**What to produce**
Search the records for the word "horizontal" and copy each line in which it appears.
+-------+
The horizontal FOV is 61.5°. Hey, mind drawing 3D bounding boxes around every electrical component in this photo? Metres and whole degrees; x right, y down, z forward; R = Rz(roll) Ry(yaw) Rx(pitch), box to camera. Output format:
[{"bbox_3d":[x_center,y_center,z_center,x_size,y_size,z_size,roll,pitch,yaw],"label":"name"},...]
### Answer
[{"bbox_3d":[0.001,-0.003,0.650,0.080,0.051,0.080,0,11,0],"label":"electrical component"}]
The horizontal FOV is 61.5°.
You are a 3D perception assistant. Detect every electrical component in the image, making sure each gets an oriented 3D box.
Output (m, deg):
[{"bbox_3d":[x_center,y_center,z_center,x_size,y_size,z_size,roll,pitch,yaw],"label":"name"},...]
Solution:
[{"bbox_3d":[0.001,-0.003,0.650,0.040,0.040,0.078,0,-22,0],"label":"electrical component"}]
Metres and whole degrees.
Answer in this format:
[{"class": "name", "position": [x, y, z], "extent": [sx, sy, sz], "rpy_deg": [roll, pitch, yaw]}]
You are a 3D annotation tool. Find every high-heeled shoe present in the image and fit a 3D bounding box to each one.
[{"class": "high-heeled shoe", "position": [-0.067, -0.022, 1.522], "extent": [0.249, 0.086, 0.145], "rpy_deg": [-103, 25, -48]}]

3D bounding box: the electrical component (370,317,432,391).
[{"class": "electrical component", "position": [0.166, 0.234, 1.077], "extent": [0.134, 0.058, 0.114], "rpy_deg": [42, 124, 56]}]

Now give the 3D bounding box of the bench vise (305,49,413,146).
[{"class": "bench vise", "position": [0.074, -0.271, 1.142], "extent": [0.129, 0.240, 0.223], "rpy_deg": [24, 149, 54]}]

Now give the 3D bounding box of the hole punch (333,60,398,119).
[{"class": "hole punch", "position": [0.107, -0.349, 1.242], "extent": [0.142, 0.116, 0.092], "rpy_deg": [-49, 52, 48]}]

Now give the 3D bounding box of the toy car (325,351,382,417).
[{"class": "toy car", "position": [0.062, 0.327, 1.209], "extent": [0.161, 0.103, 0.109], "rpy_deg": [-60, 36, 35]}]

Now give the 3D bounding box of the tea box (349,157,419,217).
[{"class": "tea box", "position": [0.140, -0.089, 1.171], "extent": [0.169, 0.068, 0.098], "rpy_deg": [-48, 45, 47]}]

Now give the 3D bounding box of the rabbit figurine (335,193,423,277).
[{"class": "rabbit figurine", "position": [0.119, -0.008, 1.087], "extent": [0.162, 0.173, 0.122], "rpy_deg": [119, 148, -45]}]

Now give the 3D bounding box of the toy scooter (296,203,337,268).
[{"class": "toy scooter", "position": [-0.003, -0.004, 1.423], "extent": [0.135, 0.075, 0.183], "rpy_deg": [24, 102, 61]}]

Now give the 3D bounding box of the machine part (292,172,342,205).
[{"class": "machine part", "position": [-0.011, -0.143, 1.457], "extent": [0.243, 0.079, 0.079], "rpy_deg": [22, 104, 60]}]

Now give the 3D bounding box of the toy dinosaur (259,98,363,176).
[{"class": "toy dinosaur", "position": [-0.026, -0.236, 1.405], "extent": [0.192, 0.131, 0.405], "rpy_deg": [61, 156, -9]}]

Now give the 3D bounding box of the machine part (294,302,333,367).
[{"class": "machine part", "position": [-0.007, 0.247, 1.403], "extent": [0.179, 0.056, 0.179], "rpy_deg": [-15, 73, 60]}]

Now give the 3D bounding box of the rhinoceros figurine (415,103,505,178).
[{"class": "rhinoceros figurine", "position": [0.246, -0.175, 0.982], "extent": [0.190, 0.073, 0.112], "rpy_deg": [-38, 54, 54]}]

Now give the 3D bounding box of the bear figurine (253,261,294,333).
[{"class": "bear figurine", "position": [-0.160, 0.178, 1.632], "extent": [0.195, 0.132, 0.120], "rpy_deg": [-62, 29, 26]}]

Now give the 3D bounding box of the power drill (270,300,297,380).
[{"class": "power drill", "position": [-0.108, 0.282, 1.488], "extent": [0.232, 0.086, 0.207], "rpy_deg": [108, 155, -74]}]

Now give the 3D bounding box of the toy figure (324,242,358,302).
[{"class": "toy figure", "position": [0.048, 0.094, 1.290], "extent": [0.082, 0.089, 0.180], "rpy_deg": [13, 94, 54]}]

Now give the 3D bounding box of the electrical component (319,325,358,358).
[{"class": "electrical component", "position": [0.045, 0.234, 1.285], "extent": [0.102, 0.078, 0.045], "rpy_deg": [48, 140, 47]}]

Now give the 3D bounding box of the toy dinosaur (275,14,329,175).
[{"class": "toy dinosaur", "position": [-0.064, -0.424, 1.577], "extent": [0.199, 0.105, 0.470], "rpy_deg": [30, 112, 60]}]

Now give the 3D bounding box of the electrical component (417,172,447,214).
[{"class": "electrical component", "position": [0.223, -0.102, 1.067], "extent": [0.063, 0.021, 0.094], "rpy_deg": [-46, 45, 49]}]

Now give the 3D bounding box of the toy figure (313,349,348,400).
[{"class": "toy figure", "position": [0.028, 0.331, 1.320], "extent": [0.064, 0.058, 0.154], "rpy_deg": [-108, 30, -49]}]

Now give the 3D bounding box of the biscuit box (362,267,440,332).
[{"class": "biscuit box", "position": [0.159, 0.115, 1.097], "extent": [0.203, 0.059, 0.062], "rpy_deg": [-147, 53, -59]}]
+-------+
**Written solution**
The horizontal FOV is 61.5°. Hey, mind drawing 3D bounding boxes around every electrical component in this photo? Metres and whole degrees; x right, y down, z forward; R = Rz(roll) Ry(yaw) Rx(pitch), box to camera. Output format:
The horizontal FOV is 61.5°.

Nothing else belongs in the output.